Recently 36,37 we extended the perturbed matrix method (PMM), introduced previously 38,39, to model quantum-mechanically vibrational excitations of molecules in complex systems (i.e., including the effects of the atomic-molecular environment on IR spectra). In those articles we applied our method to CO in solution (water and chloroform), showing its efficiency and reliability. In this article we apply the same methodology to determine the CO IR spectrum in the Mb distal pocket, as obtained by PMM and MD simulations using the three-site “quadrupolar” CO model 40 employed in previous articles.
Methods
Initial coordinates for the simulation of Mb with photodissociated CO were taken from the 1.15Å resolution crystal structure of CO-bound sperm whale Mb (PDB entry 1BZR) 41, in which we cut the CO-Fe bond. Thus, from the beginning of the simulation the system was modeled as an unliganded state of Mb with CO. According to recently published articles 33,42, His(E7)64 was modeled as the neutral tautomer, with hydrogen at the ɛ position. The protein was solvated in a box with explicit SPC water molecules 43, large enough to contain the protein and 0.8nm of solvent on all sides. The total number of atoms for the system was ∼21,000.
MD simulations were performed with the Gromacs software package 44 using the GROMOS96 force field 45. The CO molecule was modeled with the three-site “quadrupolar” CO model 40. Simulations were carried out at constant temperature (300K) using the isothermal temperature coupling 46 within a fixed-volume rectangular box and using periodic boundary conditions. The Lincs algorithm 47, to constrain bond lengths, and the rototranslational constraint algorithm 48, to stop protein rototranslational motions, were used. The initial velocities were taken randomly from a Maxwellian distribution at 300K, and a time step of 2 fs was used in all simulations.
The particle mesh Ewald (PME) method 49 was used for the calculation of the long-range interactions with a grid spacing of 0.12nm combined with a fourth-order B-spline interpolation to compute the potential and forces between grid points. A nonbond pair list cutoff of 9.0Å was used for short-range interactions, and the pair list was updated every five time steps.

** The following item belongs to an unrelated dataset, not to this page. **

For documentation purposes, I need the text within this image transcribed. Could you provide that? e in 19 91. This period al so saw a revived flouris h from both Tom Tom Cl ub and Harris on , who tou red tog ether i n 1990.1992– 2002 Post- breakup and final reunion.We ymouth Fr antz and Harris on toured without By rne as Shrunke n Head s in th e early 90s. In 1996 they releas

After thermalization and equilibration, we perform an initial 1-ns simulation to obtain a relaxed structure of the system with the ligand in the principal docking site of the distal pocket. Starting from this structure, we have performed five MD simulations using different initial velocities, given by 300K Maxwellian distributions, each stopped at the first carbon monoxide escape from the distal pocket for a total of 21ns of MD simulation of the photodissociated CO in the distal pocket.

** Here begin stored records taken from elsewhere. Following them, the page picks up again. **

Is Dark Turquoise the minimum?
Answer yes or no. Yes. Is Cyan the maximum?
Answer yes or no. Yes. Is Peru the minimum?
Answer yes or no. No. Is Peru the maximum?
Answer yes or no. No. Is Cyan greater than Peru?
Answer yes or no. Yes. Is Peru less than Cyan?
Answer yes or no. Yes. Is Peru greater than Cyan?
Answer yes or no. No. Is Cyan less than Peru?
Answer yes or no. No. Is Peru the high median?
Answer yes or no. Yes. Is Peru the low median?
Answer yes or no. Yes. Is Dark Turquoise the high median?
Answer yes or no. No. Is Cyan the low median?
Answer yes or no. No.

Carbon monoxide vibrational states were obtained using the method described in detail in a previous article 36. In brief, the ground-state electronic energy along the internuclear distance of an isolated CO molecule was obtained by density functional theory (DFT) calculations. Note that, as described in a previous article 36, the internuclear distance range we utilized is about±0.15Å around the equilibrium distance (∼1.1Å), which is, for a stiff vibrational mode as in CO, a proper fluctuation range for estimating the vibrational frequency within the harmonic approximation 36. Becke's three parameters exchange 50 and Lee, Yang, Parr correlation 51 function (B3LYP) were used for DFT calculations in conjunction with triple-ζ atomic basis set with polarization and diffuse functions, i.e., aug-cc-pv-tz 52. Configuration interactions 53 including single, double, and triple excitations (CISDT) calculations, using the above B3LYP/ aug-cc-pv-tz orbitals, were then carried out at each internuclear distance using an active space as large as 10 electrons in 35 orbitals for evaluating the unperturbed electronic states considered for PMM calculations. As shown in the previous article 36, such a computational procedure provides a very accurate description of vibrational and electronic states of the isolated CO molecule. All our quantum chemical calculations on isolated carbon monoxide were performed using the Gamess US package 54.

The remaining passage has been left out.